The four chapters of part ii (‘Narrative’) construct the history of contemplative ascetic reading from its origins through that moment of establishment and then look ahead to later centuries and possible new trajectories of study. The story that Michelson tells has three stages. The first (chapter iv) begins with the first glimmers of ascetic reading in early works like the Book of steps and figures like John the Solitary, and it climaxes in the reforms introduced by Abraham of Kashkar (c. 500–88) at Mount Izla, which legislated ascetic reading as part of the monastic regime. Michelson draws on a variety of sources, including and most productively the Life of Rabban Bar ‘Edta, and he produces convincing evidence for women who engaged in ascetic reading and taught it to others. During the second stage (chapter v), ascetic reading practices gained their theological and spiritual justification and context in Evagrius of Pontus’ spiritual programme as found in Syriac translations of his works. Above all, Babai the Great (d. 628) placed ascetic reading in a Syrian Evagrian framework that found its goal in theōria, the vision of God. This spiritually transformative mode of reading differed from and came into conflict with the exegetically motivated reading practised in the schools. Michelson gives welcome attention to precisely how Syriac translators and Babai revised Evagrius’ thought as found in his works that survive in Greek. The late seventh century saw the third or ‘maturation stage’ of East Syrian contemplative reading (chapter vi), when the combination of Evagrian spirituality and ascetic reading spread and proved its fruitfulness for monastic formation. ‘Enanisho‘ of Adiabene's publication of his anthology of monastic literature, Paradise, was a landmark moment, for it became the canonical collection of nonbiblical works for ascetic reading. It received a popular commentary by Dadisho‘, who provided monks with a guide to reading it and other literature. Dadisho‘ urged his readers, in Michelson's words, ‘to resist competing forms of reading, such as scholasticism, and even hymnody’ and instead to read ‘so that they might “depart” to a vision of Paradise’ (p. 236). The final chapter recapitulates the book's narrative and its implications, looks forward to authors like Isaac of Nineveh and John of Dalyatha, and proposes lines of further study.
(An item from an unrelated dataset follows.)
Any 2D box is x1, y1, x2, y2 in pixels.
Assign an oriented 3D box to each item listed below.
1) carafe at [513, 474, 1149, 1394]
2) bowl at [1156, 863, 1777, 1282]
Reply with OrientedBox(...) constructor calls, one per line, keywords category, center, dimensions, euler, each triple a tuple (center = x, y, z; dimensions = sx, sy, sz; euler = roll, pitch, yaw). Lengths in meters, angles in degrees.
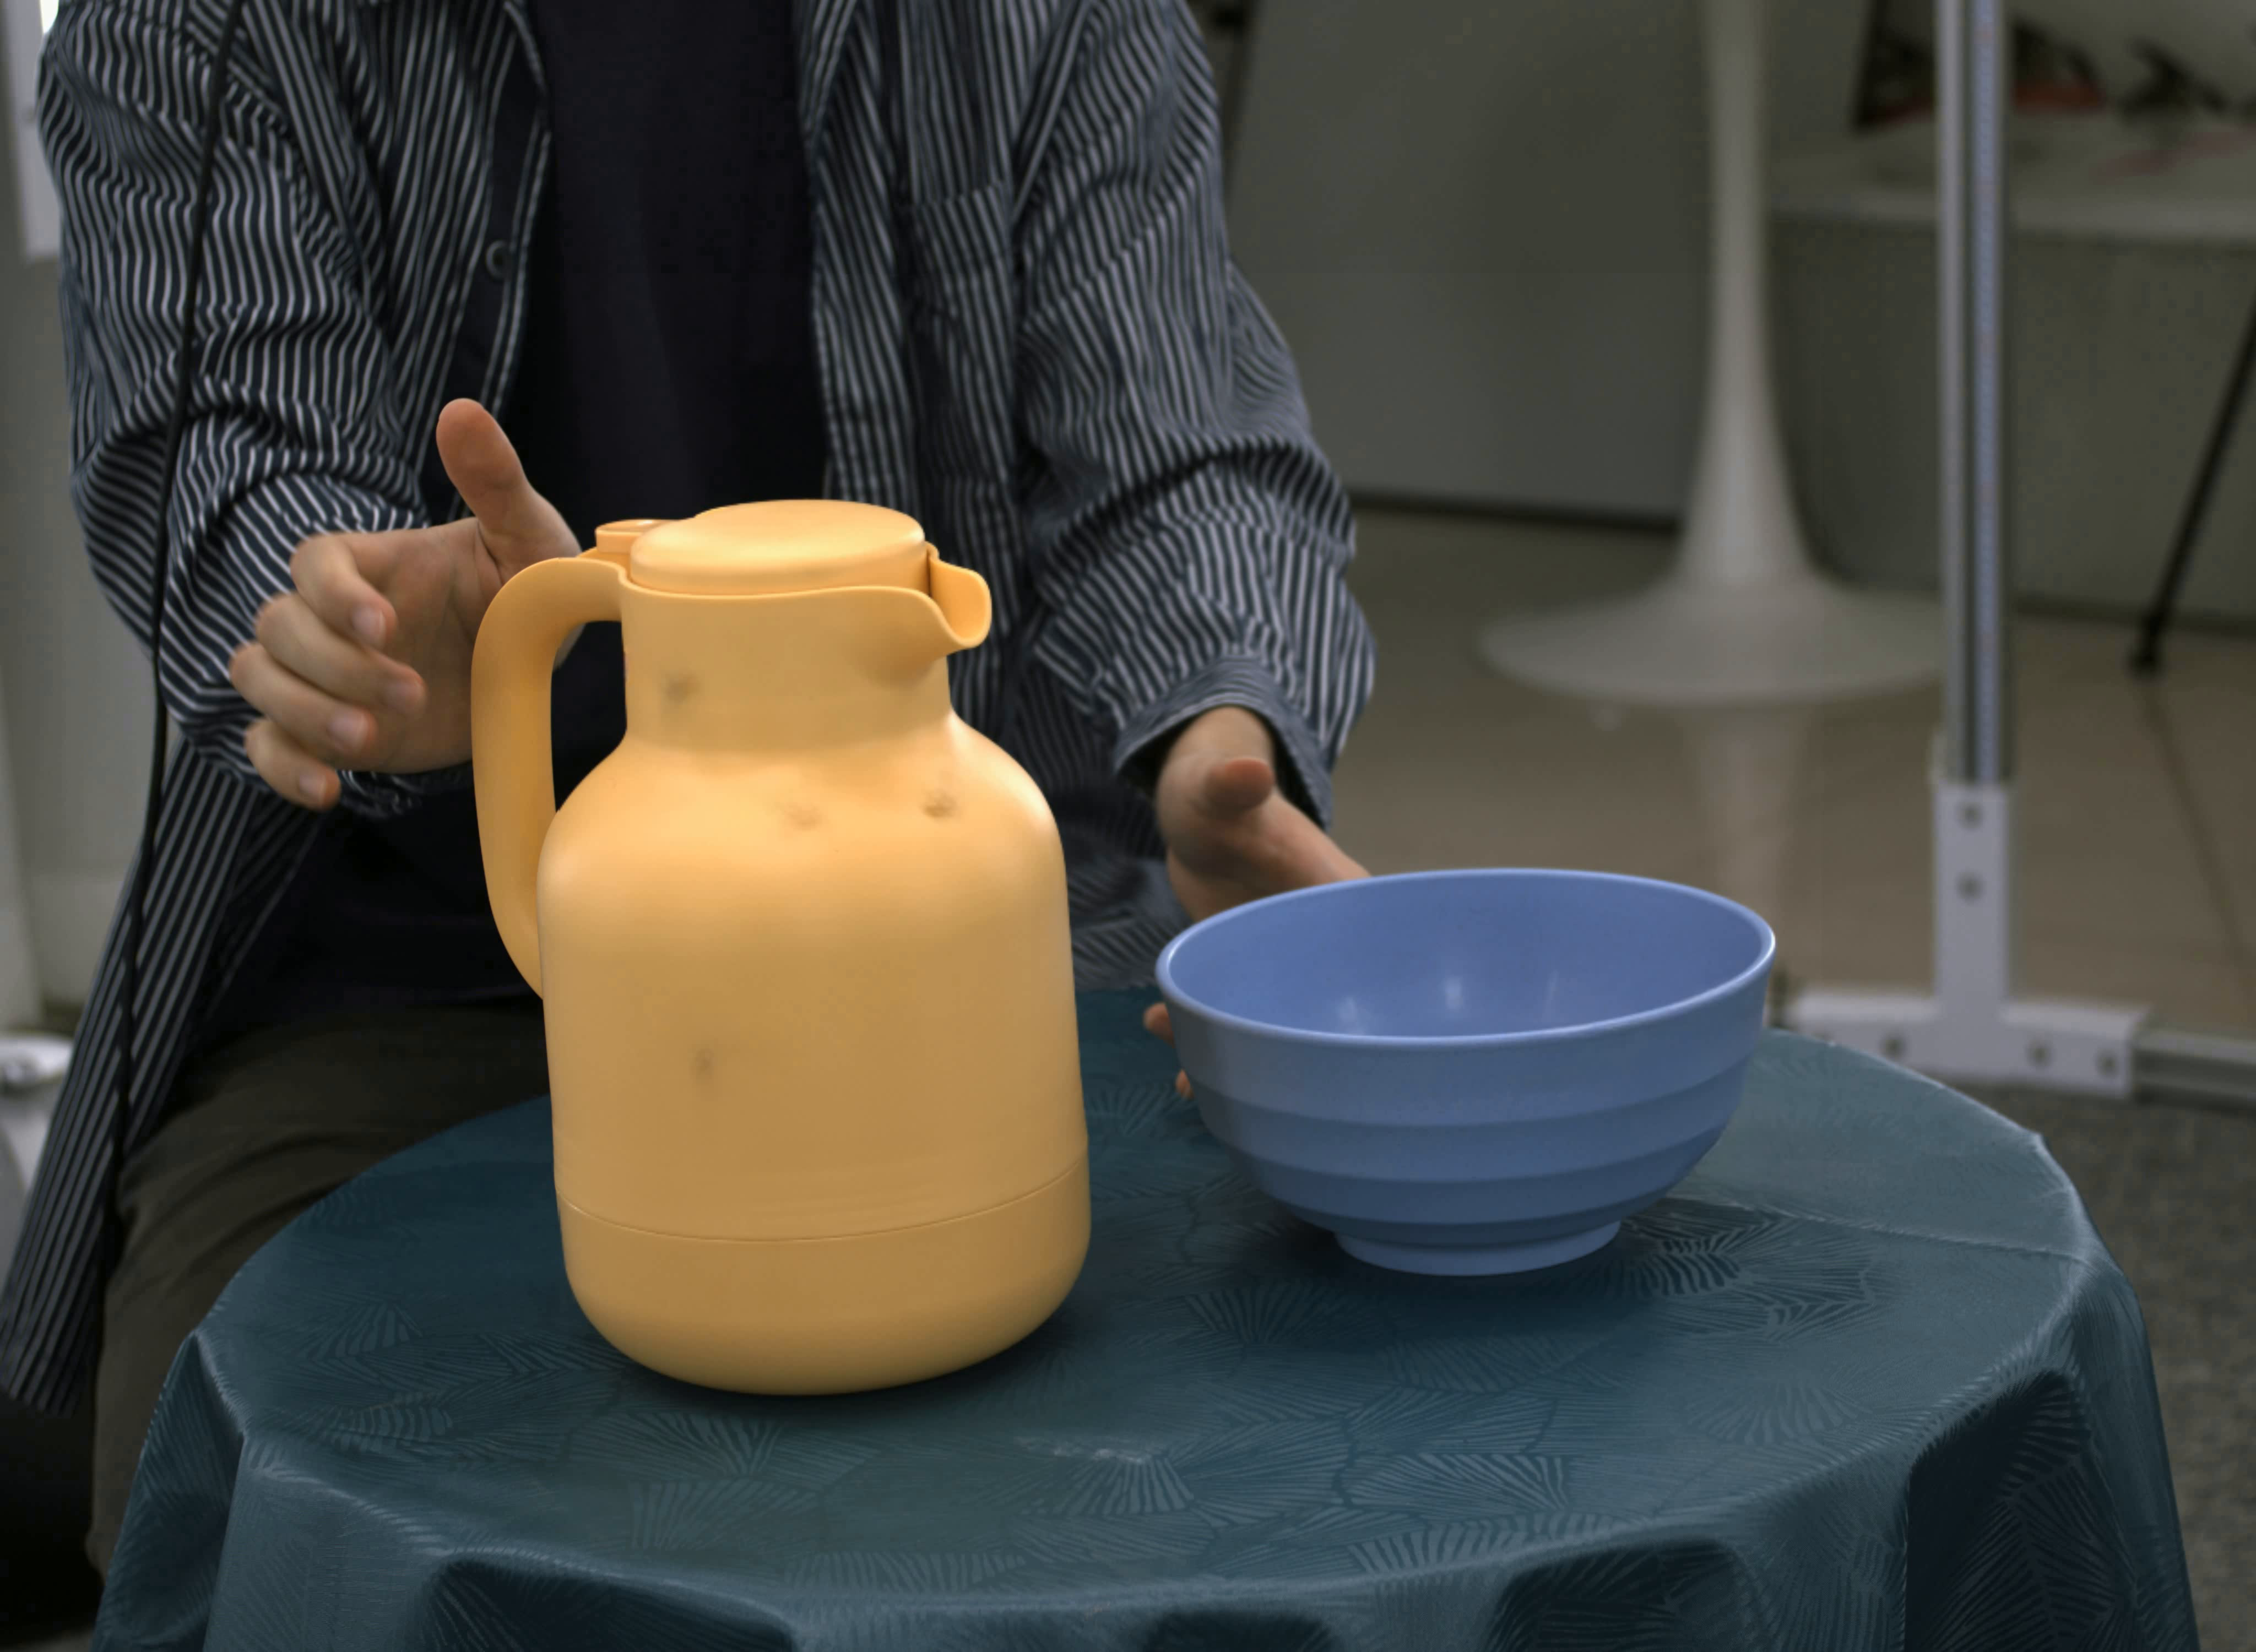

This summary scarcely does justice to the rich detail of Michelson's history, which is meticulously annotated and clearly written. Readers who are not familiar with Syriac literature will find in Michelson an informative guide who is equally at home in institutional history and monastic spirituality. The library of paradise is the rare book that can legitimately be called groundbreaking and should interest historians in several fields – monasticism, reading and books, Syriac literature, the Church of the East and others. It will profit contemporary readers with contemplative goals as well as those of us who, with due respect to Dadisho‘, have more scholastic aims in mind.